Staff file photo. Cancer survivors Gail Anderson, of Litchfield, front left, and her friend Pam Blethen of Derry, next to her at right, cheer their years being cancer-free during the opening ceremony of last year’s Relay for Life held in Derry.

DERRY — It's almost time for the Relay For Life of Greater Derry/Londonderry.

Anyone who has ever Relayed knows that the difference between a great event and a good one depends on the weather.
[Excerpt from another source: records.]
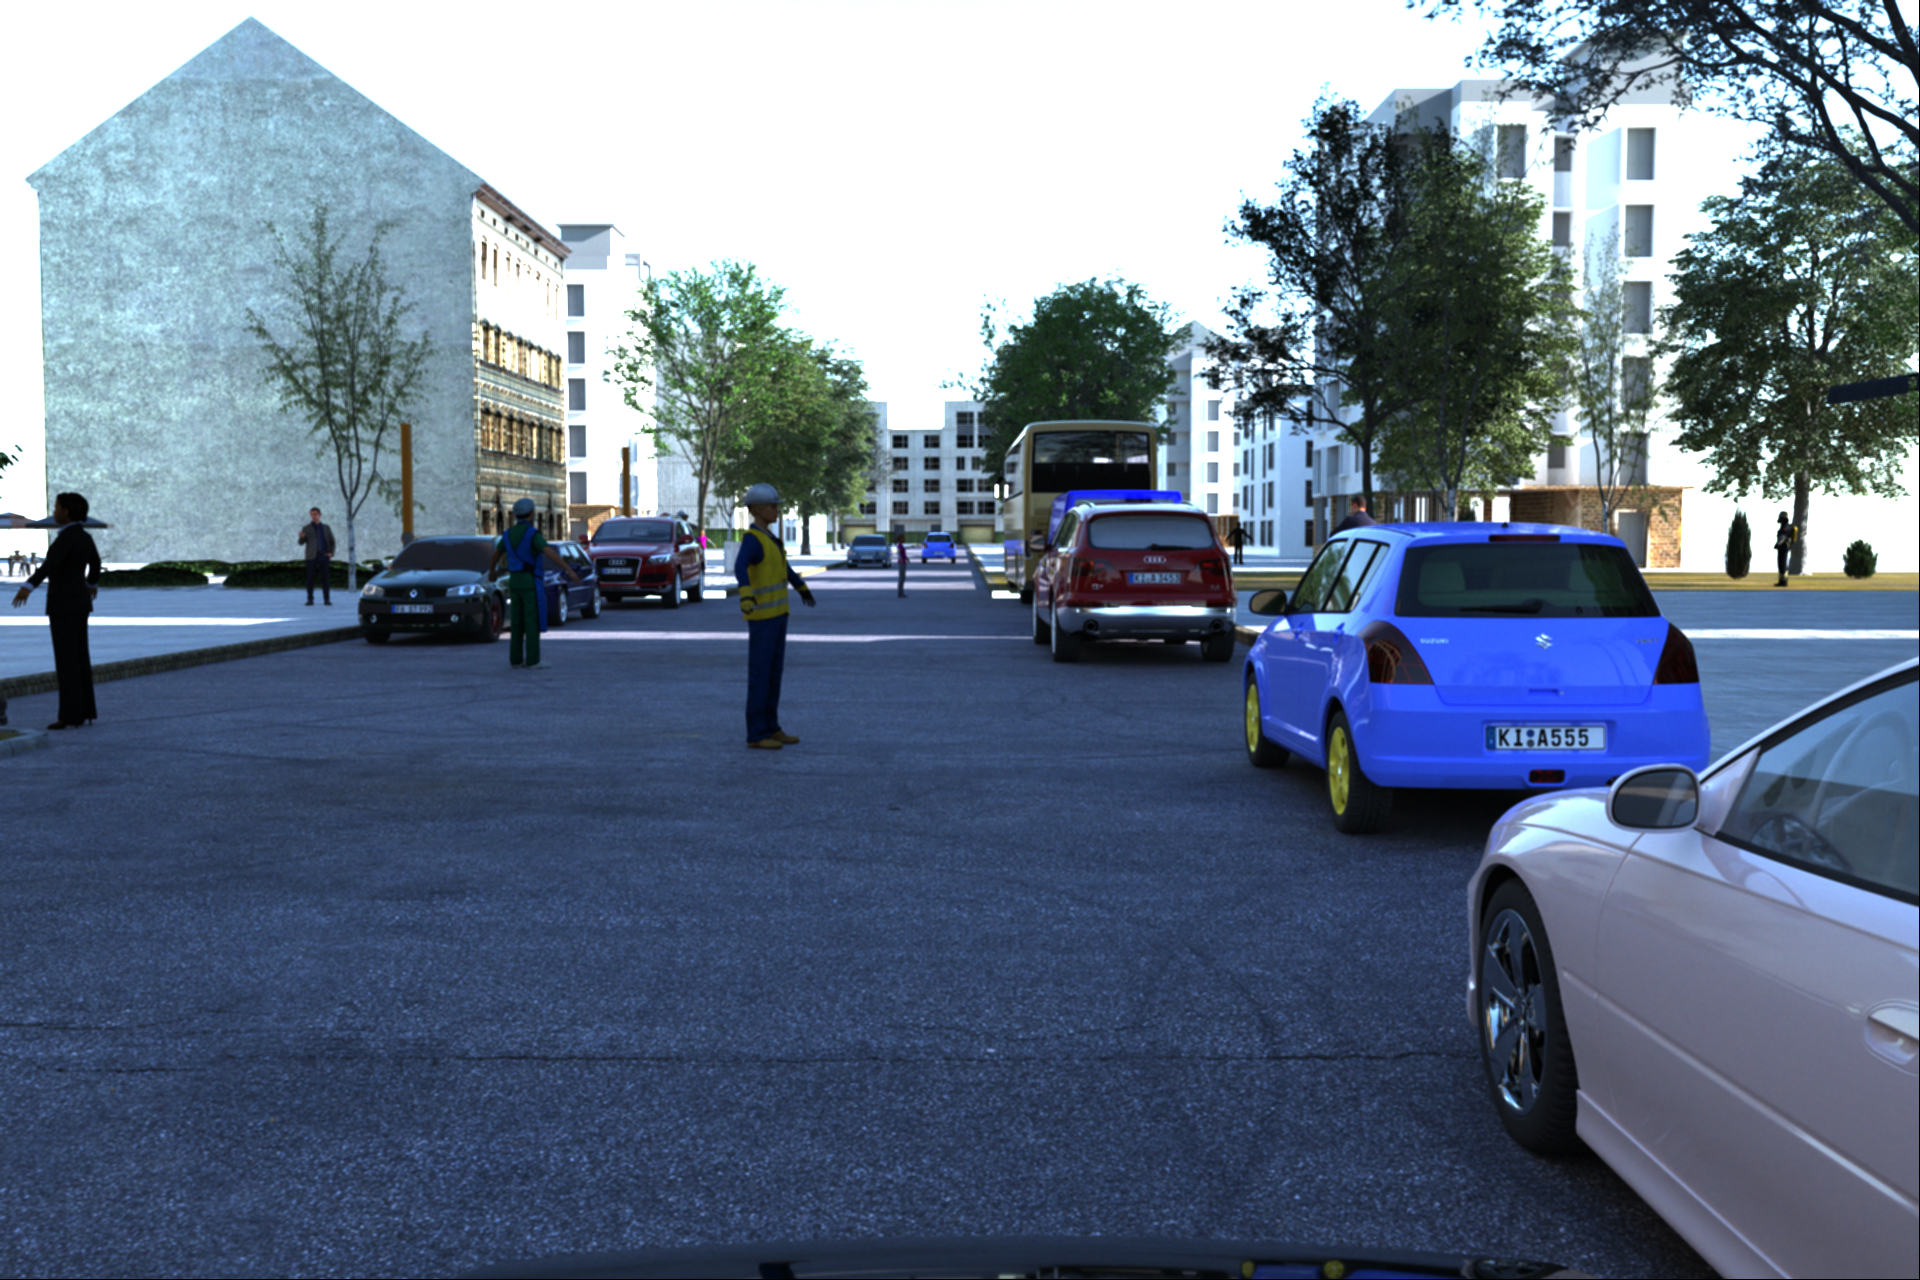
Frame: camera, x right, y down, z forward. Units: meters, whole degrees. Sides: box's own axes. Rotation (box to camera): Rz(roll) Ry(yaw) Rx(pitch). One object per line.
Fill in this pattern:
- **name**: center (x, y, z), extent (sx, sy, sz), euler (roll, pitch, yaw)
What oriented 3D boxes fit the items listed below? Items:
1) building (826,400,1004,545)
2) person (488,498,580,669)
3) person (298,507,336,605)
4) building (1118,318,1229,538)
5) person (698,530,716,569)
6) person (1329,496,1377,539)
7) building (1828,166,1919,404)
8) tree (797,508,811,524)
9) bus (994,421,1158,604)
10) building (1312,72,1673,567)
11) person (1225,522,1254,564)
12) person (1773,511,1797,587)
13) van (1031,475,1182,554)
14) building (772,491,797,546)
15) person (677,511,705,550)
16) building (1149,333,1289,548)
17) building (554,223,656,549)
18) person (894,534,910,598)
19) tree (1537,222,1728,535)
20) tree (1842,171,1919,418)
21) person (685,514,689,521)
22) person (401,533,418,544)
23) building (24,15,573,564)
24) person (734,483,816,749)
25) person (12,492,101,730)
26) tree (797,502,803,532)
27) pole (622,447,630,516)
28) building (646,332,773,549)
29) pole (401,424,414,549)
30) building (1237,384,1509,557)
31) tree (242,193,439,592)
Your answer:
- **building**: center (-1.236, -22.417, 235.427), extent (31.486, 18.905, 16.747), euler (0, 4, 6)
- **person**: center (-4.614, -0.607, 18.507), extent (1.347, 1.817, 0.704), euler (2, 4, 33)
- **person**: center (-11.516, -1.495, 31.015), extent (0.617, 1.759, 0.750), euler (-1, 4, -17)
- **building**: center (23.794, -21.717, 185.997), extent (19.493, 23.208, 18.063), euler (0, 4, 0)
- **person**: center (-9.338, -3.275, 62.810), extent (0.991, 1.433, 0.599), euler (-1, 4, -17)
- **person**: center (4.961, -0.958, 22.160), extent (0.683, 1.767, 0.568), euler (-2, 4, -24)
- **building**: center (25.079, -17.298, 28.942), extent (12.429, 33.558, 17.177), euler (0, 4, 0)
- **tree**: center (-20.406, -17.457, 235.781), extent (4.360, 8.622, 3.978), euler (0, 3, 0)
- **bus**: center (2.386, -2.873, 38.520), extent (2.896, 3.916, 12.252), euler (0, 4, -1)
- **building**: center (21.112, -13.509, 77.299), extent (16.016, 20.090, 11.380), euler (0, 4, 0)
- **person**: center (11.853, -4.122, 73.612), extent (1.346, 1.802, 0.704), euler (2, 4, 33)
- **person**: center (20.111, -2.239, 42.385), extent (0.705, 1.856, 1.354), euler (2, 4, 31)
- **van**: center (2.279, -1.355, 26.543), extent (2.240, 2.365, 5.245), euler (0, 3, 0)
- **building**: center (-23.240, -15.782, 200.179), extent (9.099, 9.664, 28.070), euler (0, 4, 0)
- **person**: center (-6.589, -2.149, 41.103), extent (1.349, 1.833, 0.705), euler (3, 4, 38)
- **building**: center (23.856, -19.233, 170.878), extent (16.016, 20.090, 11.380), euler (0, 4, 0)
- **building**: center (-25.943, -15.303, 106.622), extent (16.016, 20.090, 11.380), euler (0, 4, 0)
- **person**: center (-1.256, -1.675, 39.116), extent (0.599, 1.433, 0.991), euler (0, 4, 8)
- **tree**: center (15.417, -5.568, 41.392), extent (4.360, 8.622, 3.978), euler (0, 3, 0)
- **tree**: center (25.799, -7.138, 42.458), extent (9.928, 11.665, 9.643), euler (0, 3, 0)
- **person**: center (-7.107, -2.351, 44.372), extent (0.705, 1.837, 1.347), euler (-1, 4, -11)
- **person**: center (-22.225, -3.904, 69.957), extent (1.348, 1.813, 0.705), euler (3, 5, 40)
- **building**: center (-30.147, -15.419, 83.037), extent (19.493, 23.208, 18.063), euler (0, 4, -1)
- **person**: center (-1.236, -0.168, 11.675), extent (0.721, 1.772, 1.216), euler (1, 4, 15)
- **person**: center (-6.656, -0.222, 12.811), extent (0.721, 1.740, 1.216), euler (0, 4, -4)
- **tree**: center (-21.242, -17.141, 230.621), extent (4.737, 8.622, 4.395), euler (0, 3, 0)
- **pole**: center (-7.814, -2.860, 40.606), extent (0.158, 3.312, 0.155), euler (0, 3, 0)
- **building**: center (-28.182, -18.418, 167.594), extent (16.747, 18.905, 31.486), euler (0, 4, 0)
- **pole**: center (-10.236, -2.340, 32.109), extent (0.158, 3.312, 0.155), euler (0, 3, 0)
- **building**: center (22.352, -9.473, 97.037), extent (9.099, 9.664, 28.070), euler (0, 4, 0)
- **tree**: center (-13.428, -5.368, 38.135), extent (4.360, 8.622, 3.978), euler (0, 3, 0)

But, come rain or shine, on Friday, June 22, at 6 p.m. at the Pinkerton Academy Track, more than 700 people will gather to celebrate, remember, and fight back at this year's Relay For Life of Greater Derry/Londonderry.

Planning for the event began back in late fall of last year, with committee members working behind the scenes for months to secure sponsorships, connect with many local businesses for donations, and reach out to the community in an effort to educate people about the event.

Mary Anderson, headmaster at Pinkerton Academy, will be this year's honorary chairwoman.

One of the main purposes of the American Cancer Society Relay For Life is to celebrate the survivors living right in our neighborhoods, or working down the hall, sitting at the next desk, or playing on the school playground.

Many people wonder if they have to "beat" cancer to be considered a survivor. At Relay, you are a survivor from that life-changing minute your doctor tells you your diagnosis. That is when your fight begins and that is when you are celebrated for your strength.

Currently, 65 survivors have registered to participate at this year's Relay event, but committee members are hoping that more survivors will sign up to join in celebrating their own and others' journeys through cancer. This year's survivor's dinner will be provided by Amphora.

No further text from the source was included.